Com partidas esportivas paradas, comerciante pensa em mudar de ramo após 15 anos

Vendedor de artigos esportivos enfrenta dificuldades para se manter com a baixa procura dos produtos

Com partidas esportivas paradas, comerciante pensa em mudar de ramo após 15 anos

Dono de uma banca de produtos esportivos de Belo Horizonte há 15 anos no maior shopping popular da capital, Vinícius Moreira Gonçalves se vê prestes a abandonar o segmento. Com as partidas esportivas paralisadas desde o início da pandemia do coronavírus, o comerciante enfrenta dificuldades para se manter com a baixa procura dos produtos.

Mesmo com o retorno do comércio belo-horizontino na segunda-feira (25), Vinícius não vê grandes mudanças na área. “Esperança a gente sempre tem. Criamos expectativa de que aos poucos as vendas vão melhorar. Mas, pelo fato de o futebol ter parado, as pessoas não têm demonstrado interesse nesse tipo de produto. Estou nisso tem muitos anos, com clientes fiéis. Mas é uma coisa que está incomodando e já me faz, como comerciante, pensar em outros investimentos para sobreviver a esta crise”, lamenta.

Desde o fechamento das atividades não essenciais há mais de dois meses, o comerciante tem tentado continuar as vendas através das redes sociais e entregas por delivery, mas a comercialização de produtos específicos como uniformes, meiões, bonés e equipamentos esportivos, tem tido baixa procura por parte dos consumidores.
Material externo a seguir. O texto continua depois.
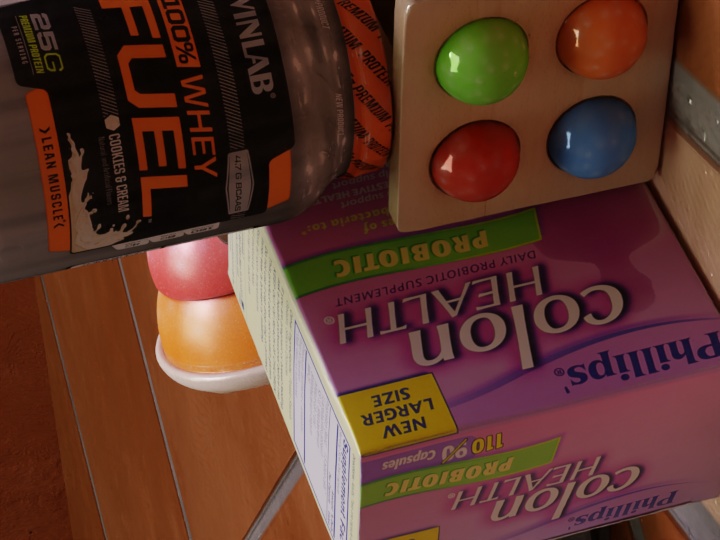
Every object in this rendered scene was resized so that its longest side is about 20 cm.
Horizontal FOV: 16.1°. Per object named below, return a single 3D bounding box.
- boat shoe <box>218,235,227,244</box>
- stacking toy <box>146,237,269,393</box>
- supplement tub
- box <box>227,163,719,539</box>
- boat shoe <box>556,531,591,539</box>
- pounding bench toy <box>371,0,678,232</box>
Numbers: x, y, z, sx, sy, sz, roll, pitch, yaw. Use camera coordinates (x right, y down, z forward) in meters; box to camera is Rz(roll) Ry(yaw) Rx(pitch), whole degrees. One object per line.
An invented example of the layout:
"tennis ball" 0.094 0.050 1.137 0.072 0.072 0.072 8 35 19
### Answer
"boat shoe" -0.059 -0.045 1.385 0.072 0.068 0.201 -124 18 -59
"stacking toy" -0.081 -0.043 1.504 0.201 0.145 0.146 69 171 -26
"supplement tub" -0.094 -0.069 1.072 0.122 0.199 0.123 167 90 -75
"box" 0.049 0.019 1.145 0.097 0.175 0.201 93 160 -48
"boat shoe" 0.085 0.118 1.344 0.062 0.072 0.201 -107 16 -84
"pounding bench toy" 0.056 -0.140 1.087 0.156 0.124 0.201 -116 19 -44
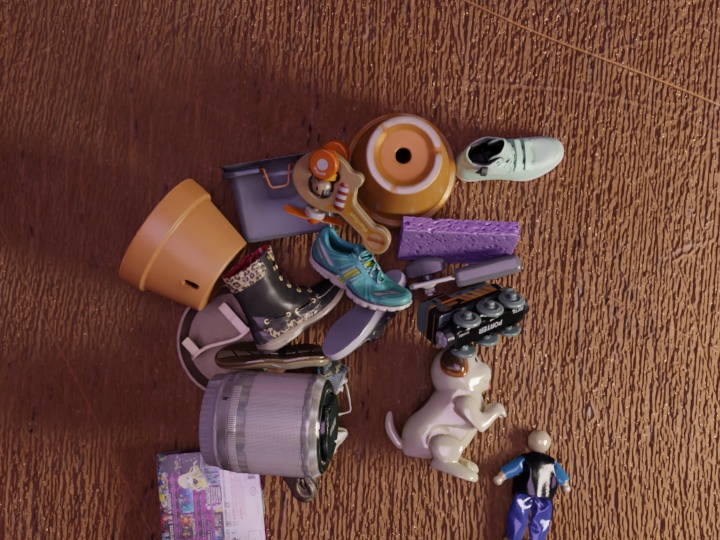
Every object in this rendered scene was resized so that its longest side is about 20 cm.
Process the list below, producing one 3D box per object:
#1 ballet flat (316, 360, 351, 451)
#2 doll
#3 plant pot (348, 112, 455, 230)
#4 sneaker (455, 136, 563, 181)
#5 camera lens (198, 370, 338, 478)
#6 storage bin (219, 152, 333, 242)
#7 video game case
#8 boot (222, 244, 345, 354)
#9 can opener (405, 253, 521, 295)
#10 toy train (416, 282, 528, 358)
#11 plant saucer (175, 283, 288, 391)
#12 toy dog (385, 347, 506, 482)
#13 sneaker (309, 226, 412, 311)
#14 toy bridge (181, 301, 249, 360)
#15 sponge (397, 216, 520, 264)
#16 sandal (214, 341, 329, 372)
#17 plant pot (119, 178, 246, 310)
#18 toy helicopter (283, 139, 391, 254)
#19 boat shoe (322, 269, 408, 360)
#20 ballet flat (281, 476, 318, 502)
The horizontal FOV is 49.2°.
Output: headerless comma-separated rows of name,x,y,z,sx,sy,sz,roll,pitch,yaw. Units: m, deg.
ballet flat,-0.050,0.256,1.355,0.073,0.074,0.203,5,89,0
doll,0.294,0.377,1.361,0.134,0.048,0.203,12,87,-1
plant pot,0.069,-0.177,1.318,0.197,0.183,0.203,0,87,-1
sneaker,0.266,-0.196,1.355,0.197,0.118,0.075,-10,86,-2
camera lens,-0.139,0.243,1.250,0.197,0.160,0.163,2,87,8
storage bin,-0.129,-0.126,1.345,0.197,0.146,0.136,-10,97,-1
video game case,-0.255,0.408,1.359,0.178,0.036,0.203,-6,87,-2
boot,-0.126,0.025,1.320,0.199,0.073,0.152,-38,110,-23
can opener,0.174,-0.001,1.344,0.197,0.053,0.068,-10,87,9
toy train,0.189,0.074,1.320,0.198,0.114,0.086,-19,126,-32
plant saucer,-0.223,0.122,1.378,0.197,0.029,0.203,0,87,-1
toy dog,0.154,0.230,1.338,0.192,0.139,0.203,17,86,19
sneaker,0.000,0.000,1.295,0.199,0.077,0.080,32,123,16
toy bridge,-0.217,0.083,1.353,0.200,0.027,0.067,-44,89,-3
sponge,0.165,-0.049,1.350,0.197,0.112,0.030,3,63,-1
sandal,-0.149,0.159,1.334,0.197,0.080,0.055,1,109,-5
plant pot,-0.282,-0.030,1.301,0.139,0.200,0.201,34,87,0
toy helicopter,-0.033,-0.100,1.260,0.132,0.079,0.200,-41,96,24
boat shoe,0.016,0.088,1.349,0.200,0.069,0.067,-50,130,-23
ballet flat,-0.138,0.304,1.330,0.067,0.047,0.200,-27,62,-30
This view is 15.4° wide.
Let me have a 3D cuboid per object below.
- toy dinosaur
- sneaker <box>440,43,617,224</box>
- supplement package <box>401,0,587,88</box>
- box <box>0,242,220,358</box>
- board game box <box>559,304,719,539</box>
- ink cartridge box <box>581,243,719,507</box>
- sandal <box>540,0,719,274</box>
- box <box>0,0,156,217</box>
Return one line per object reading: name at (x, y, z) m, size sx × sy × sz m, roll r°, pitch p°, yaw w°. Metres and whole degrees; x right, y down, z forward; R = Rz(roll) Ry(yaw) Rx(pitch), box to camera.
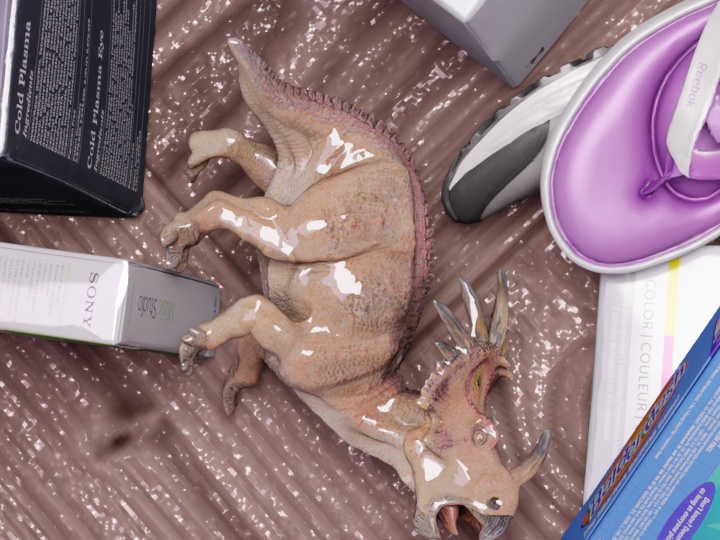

Vinícius ressalta também sobre a queda do número de vendas no geral, uma vez que devido a atual situação, as pessoas têm revisto os seus gastos. “Os consumidores estão devagar para comprar. Estão optando mesmo pelo essencial. Para o setor comercial não está fácil, porque as pessoas estão segurando dinheiro, investindo somente nas prioridades, principalmente nesse segmento de vestuário”, finaliza. 

Retorno das atividades

Em decreto assinado no dia 22 deste mês pelo prefeito Alexandre Kalil, ficou estabelecido o retorno gradual do comércio, seguindo todas as especificações sanitárias de segurança. A lojas passaram a obedecer horário especiais de funcionamento, está determinada a limitação de público dentro dos estabelecimentos, disponibilização de dispensers com álcool em gel e a utilização de máscara de forma geral. Nesta sexta-feira (29), porém, Kalil anunciou que não dará continuidade ao plano de abertura gradual, pelo menos imediatamente. O prefeito diz que a situação de Minas Gerais é crítica e não transmite confiança para uma flexibilização mais ampla.